Today as every day I go to Google Trends and find out what is searched for most at a particular point in time, today was a heavily themed Irish Day including searches for Irish Soda Bread, Irish History and also Corned Beef recipes. The last of the trends which appeared on Google made me salivate a little, a favourite food of the Irish and is served with onions, carrots, potato and cabbage. The history of corned beef started by Irish-Americans. Corned is a term used to describe the rock salt or corns of salt which were added to the broth when cooking the beef. The salted meat could then be kept for days without refrigeration when people would travel long distances by horse.

The memory of Corned Beef for me is one which I relate to my deceased Grandmother or Nanna as I called her throughout my childhood.

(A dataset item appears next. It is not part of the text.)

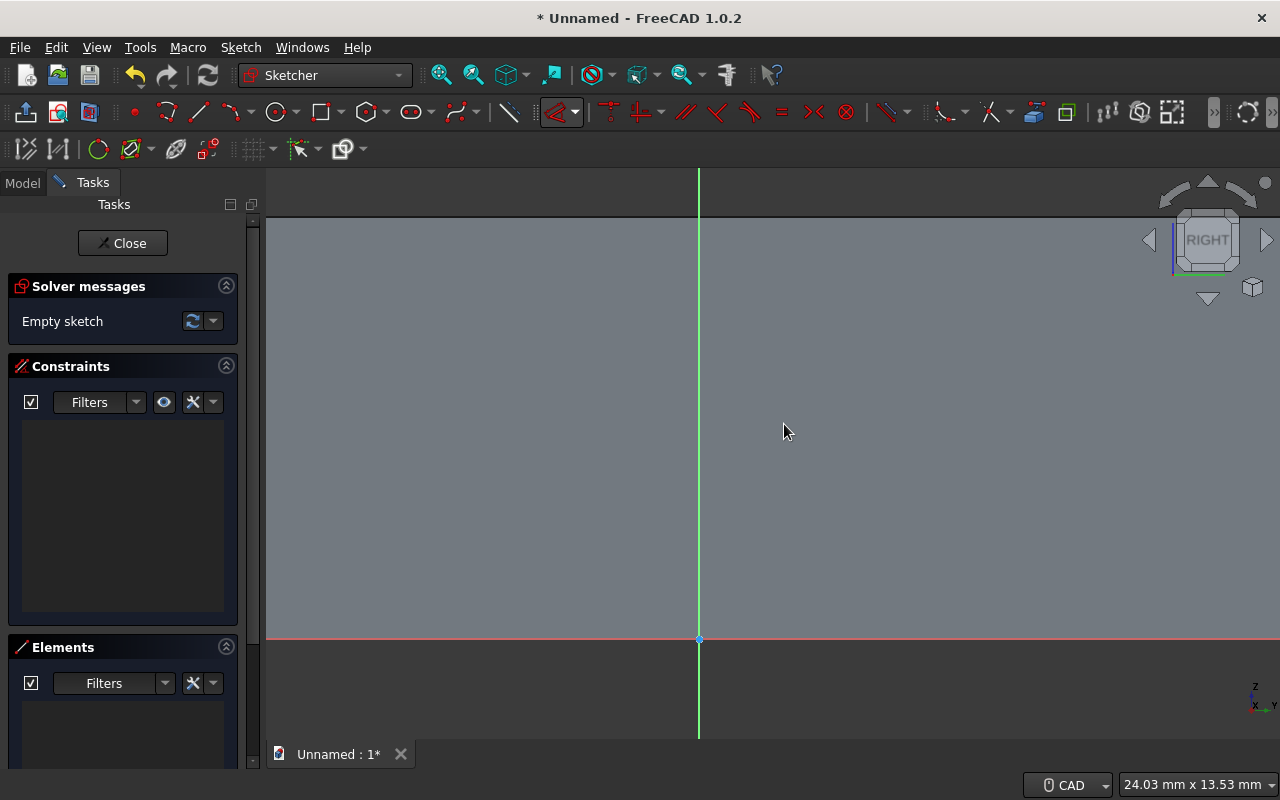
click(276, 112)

She was a master in the kitchen with meals and delightful deserts always simmering or fresh from the oven ready to be served whenever we visited. I remember helping her in the kitchen and watching as skilful hands knew a recipe without looking it up could make perfect biscuits with the right amount of ingredients. She was a particularly good cook and St Patrick's Day remind me of her cooking Corned Beef. I assume she knew how to cook well since much of her family were stockmen and who similarly travelled by horse for long distances with no refrigeration.

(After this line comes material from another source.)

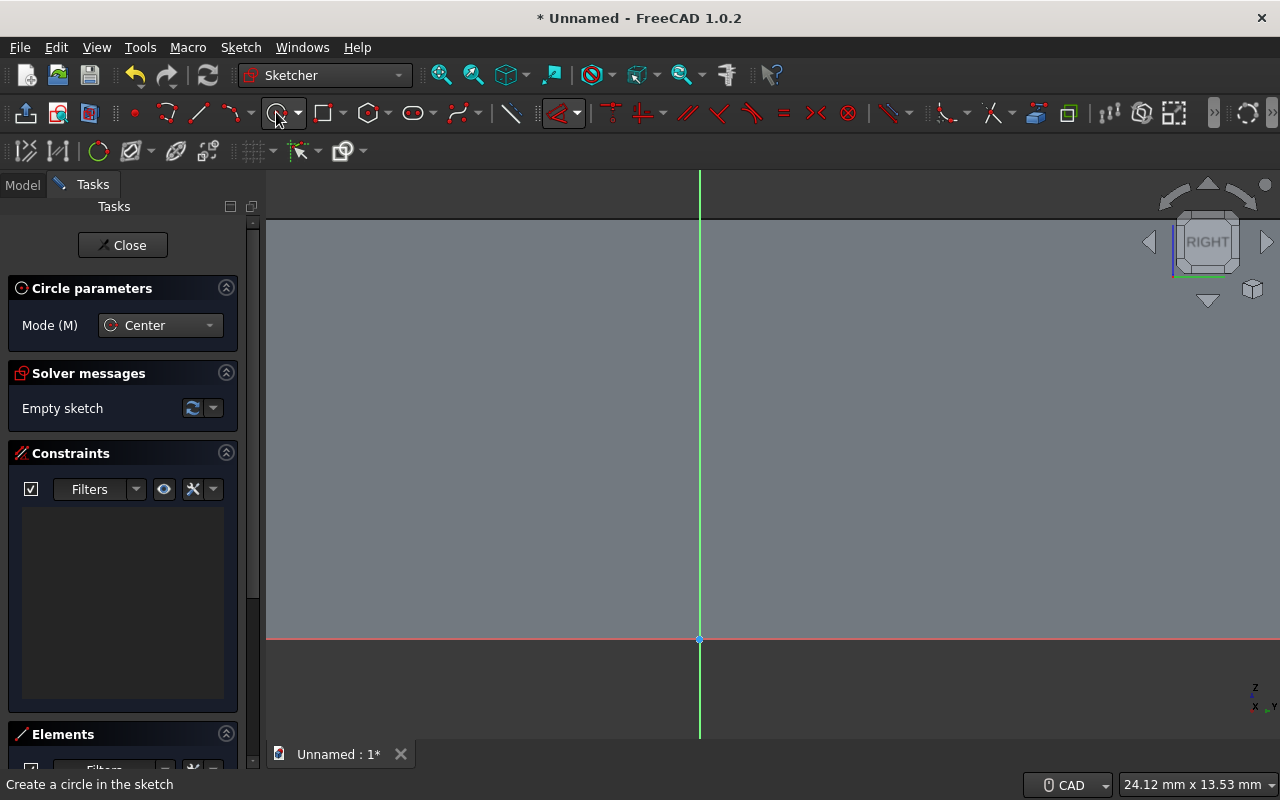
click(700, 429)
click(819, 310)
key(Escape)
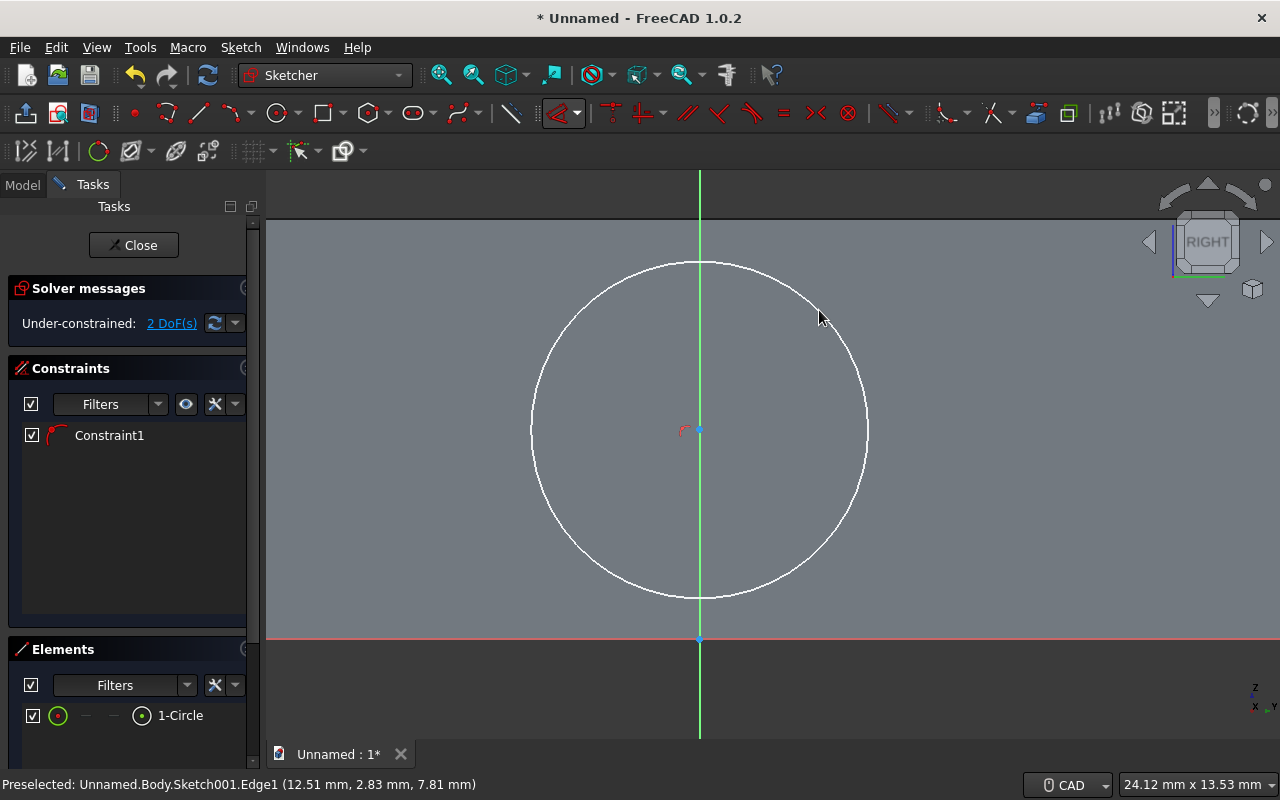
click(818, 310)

The smell of corned beef would permeate my nose before I even walked through the door, the tinge of cloves and the combination of cabbage, carrot and potato in a large metal pot boiling on the stove. The meat would look to be an off brown colour simmering in a brownish broth and would look particularly unappealing to the untrained eyes of a corned beef amateur. However to the trained eye it was a most amazing sight for below that brown, bubbling broth was a large piece of meat which when sliced revealed a ruby red, flaking meat flavoured with hours of patience, cloves and an age old family tradition. In a smaller pot beside the stove was a white thick mixture, which had an intoxicating rich smell and would only go on the heat in the final hour before the meal was served, this white sauce was the sauce of choice which would run in large drips across a piping hot plate of traditional Irish American fare.

Sitting on my Nanna's small patio with the hose running; cooling the pavement and it washing over our feet we would eat plates of the delicious fare while the heat radiated off the roof. This memory seems like so long ago, I sometimes think I see her or I feel her near by, sometimes I watch elderly ladies together at cafes eating toasted sandwiches and drinking tea and wish I could sit and join them and hear their wonderful stories and admire there wit and timeless humour. I yearn to have her back to say one goodbye, but I see her in my dreams and I know she is somewhere close by watching and guiding with a gentle hand.

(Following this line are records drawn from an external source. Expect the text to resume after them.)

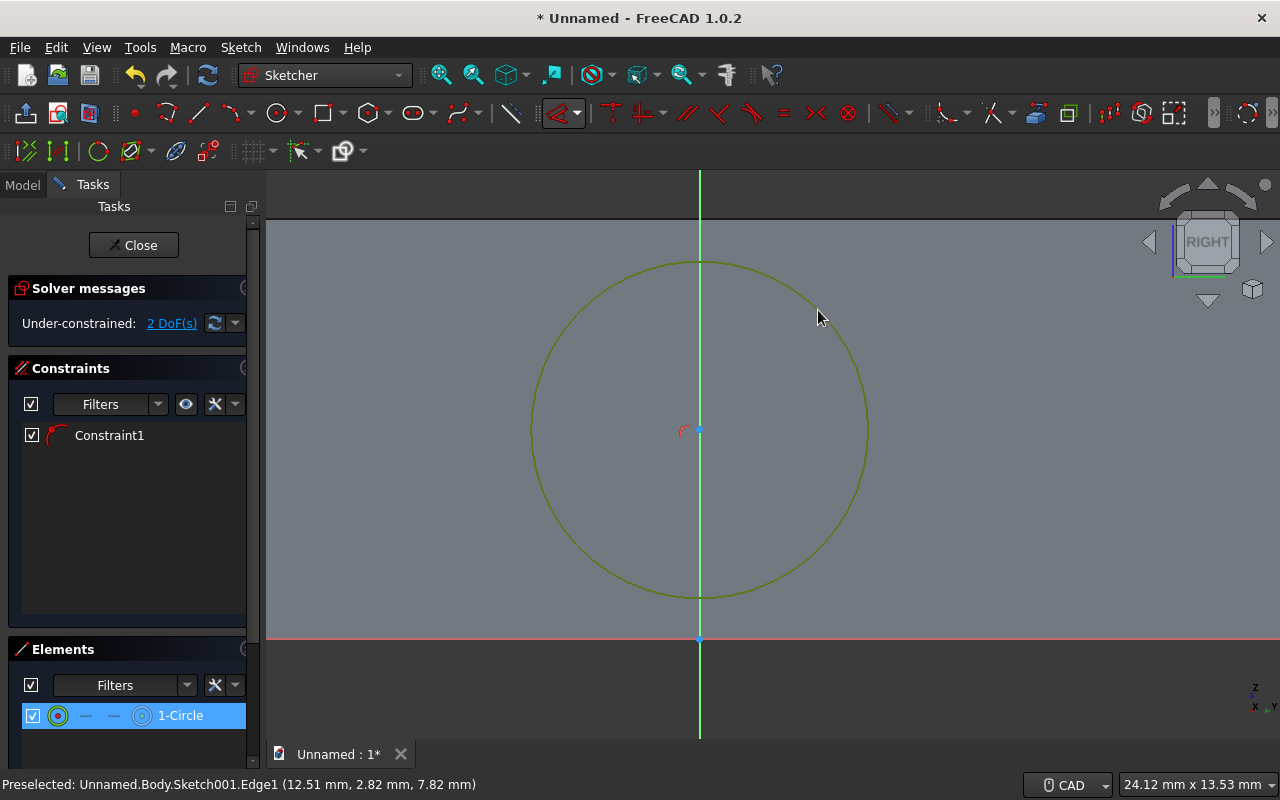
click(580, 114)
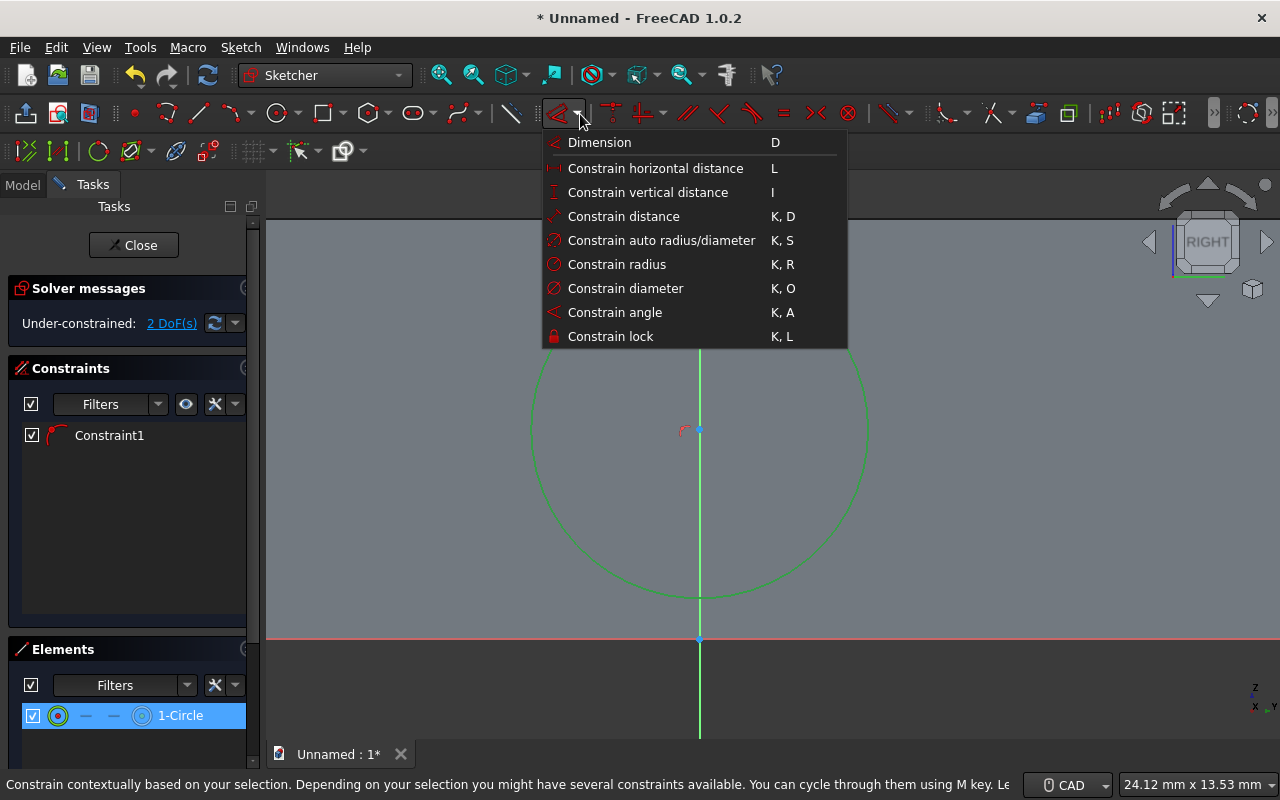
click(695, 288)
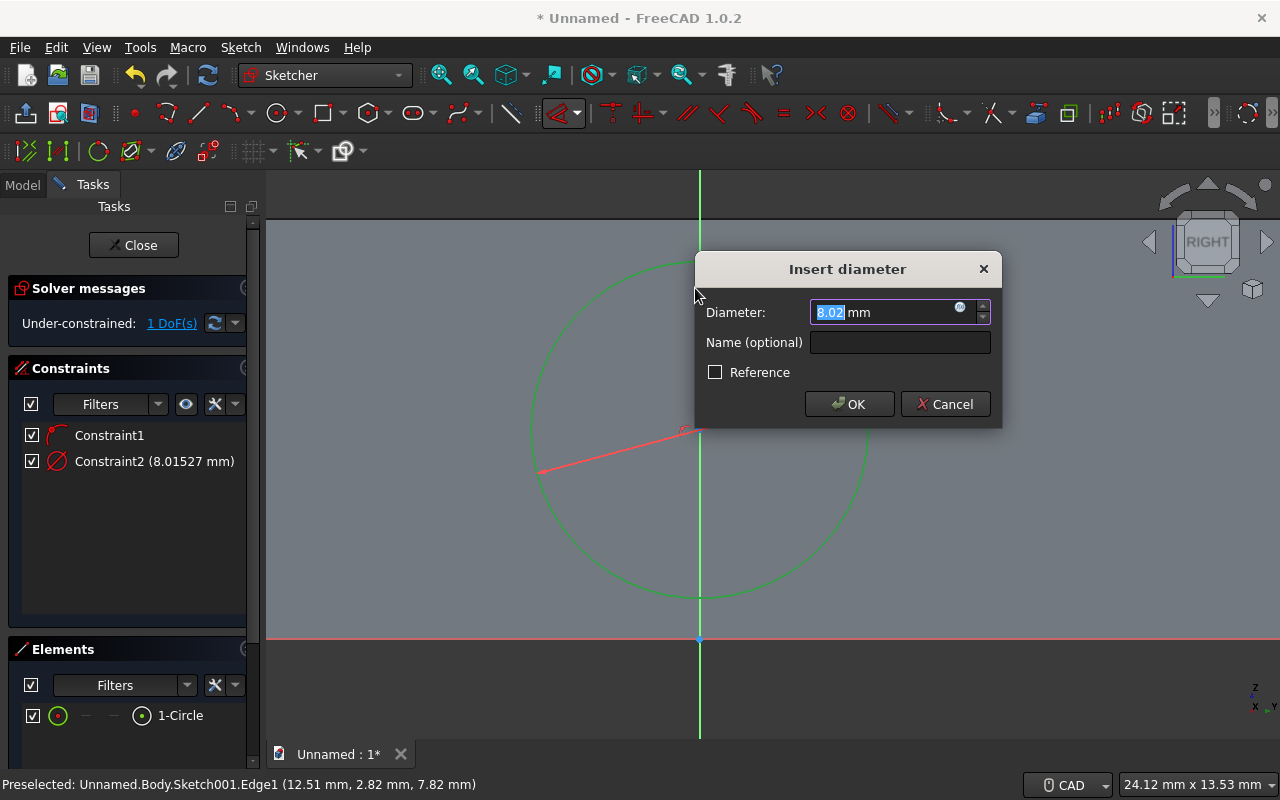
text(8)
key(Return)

When I cook my next meal of corned beef I will remember her and the time I spent beside her in the kitchen watching the pot bubble and the smell of cloves and the hand stirring the end of the white sauce, ready to serve it in a thick layer over a hot lunch. I know today there will be Irish folk spewing Guinness on footpaths and yelling Irish limericks at each other but today brought a different memory for me, a chain of memories held together by white sauce and Corned Beef.